In [24]:
import pandas as pd

movies = pd.read_csv("/data/ml-latest/movies.csv")
tags = pd.read_csv("/data/ml-latest/tags.csv")

In [25]:
# Создаем объект с жанрами и тэгами

rows = []
for _, row in movies.iterrows():
    for genre in row["genres"].split("|"):
        rows.append([genre, row["movieId"]])

tags.dropna(inplace=True)
tags = tags[['movieId','tag']]
tags.drop_duplicates(inplace=True)
tags = tags.rename (columns={'tag':'genre'})
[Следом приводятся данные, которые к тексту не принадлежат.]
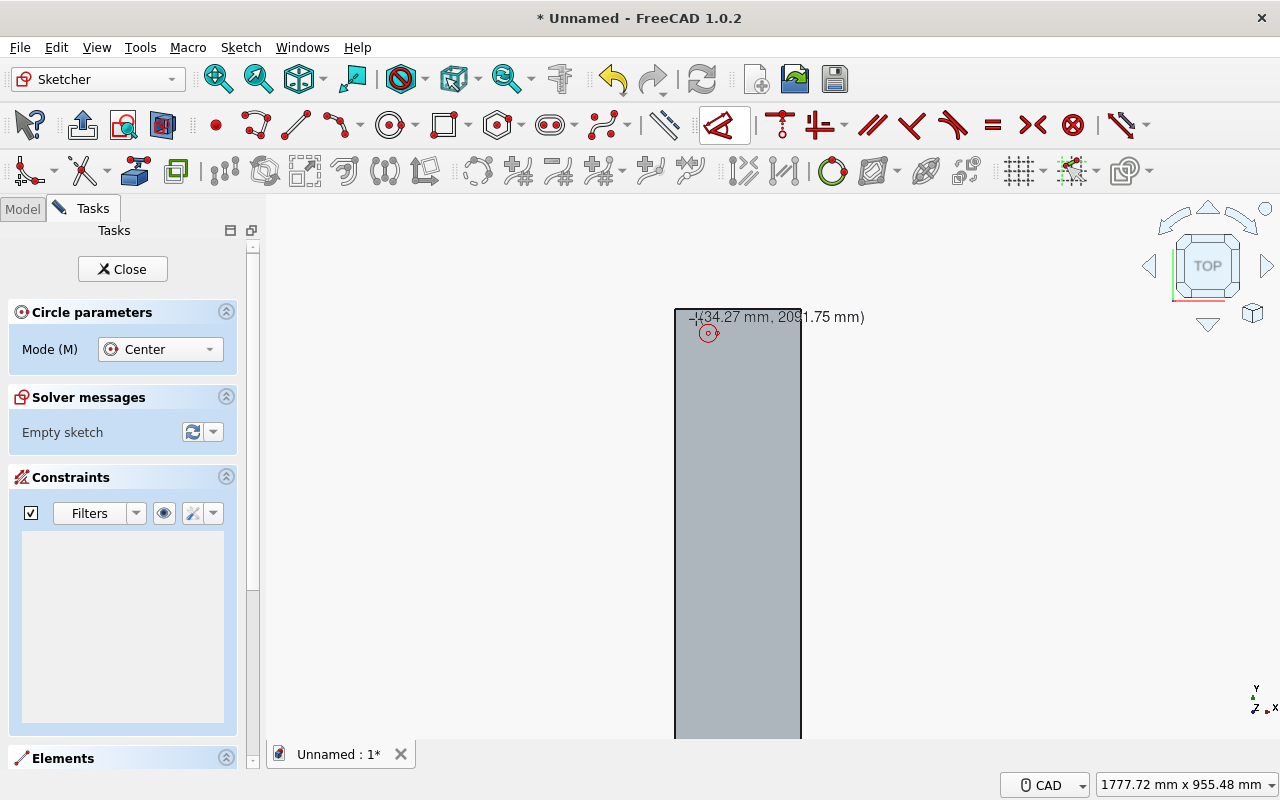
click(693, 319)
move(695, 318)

movies_genres = pd.DataFrame(rows, columns=["genre", "movieId"])
movies_genres_tags = pd.concat ([movies_genres,tags])
movies_genres_tags["genre_id"] = movies_genres_tags["genre"].astype("category").cat.codes.copy()
movies_genres_tags.head()

Unnamed: 0,genre,movieId,genre_id
0,Adventure,1,1164
1,Animation,1,1969
2,Children,1,4515
3,Comedy,1,5071
4,Fantasy,1,7971


In [3]:
# Объект без тэгов
rows = []
for _, row in movies.iterrows():
    for genre in row["genres"].split("|"):
        rows.append([genre, row["movieId"]])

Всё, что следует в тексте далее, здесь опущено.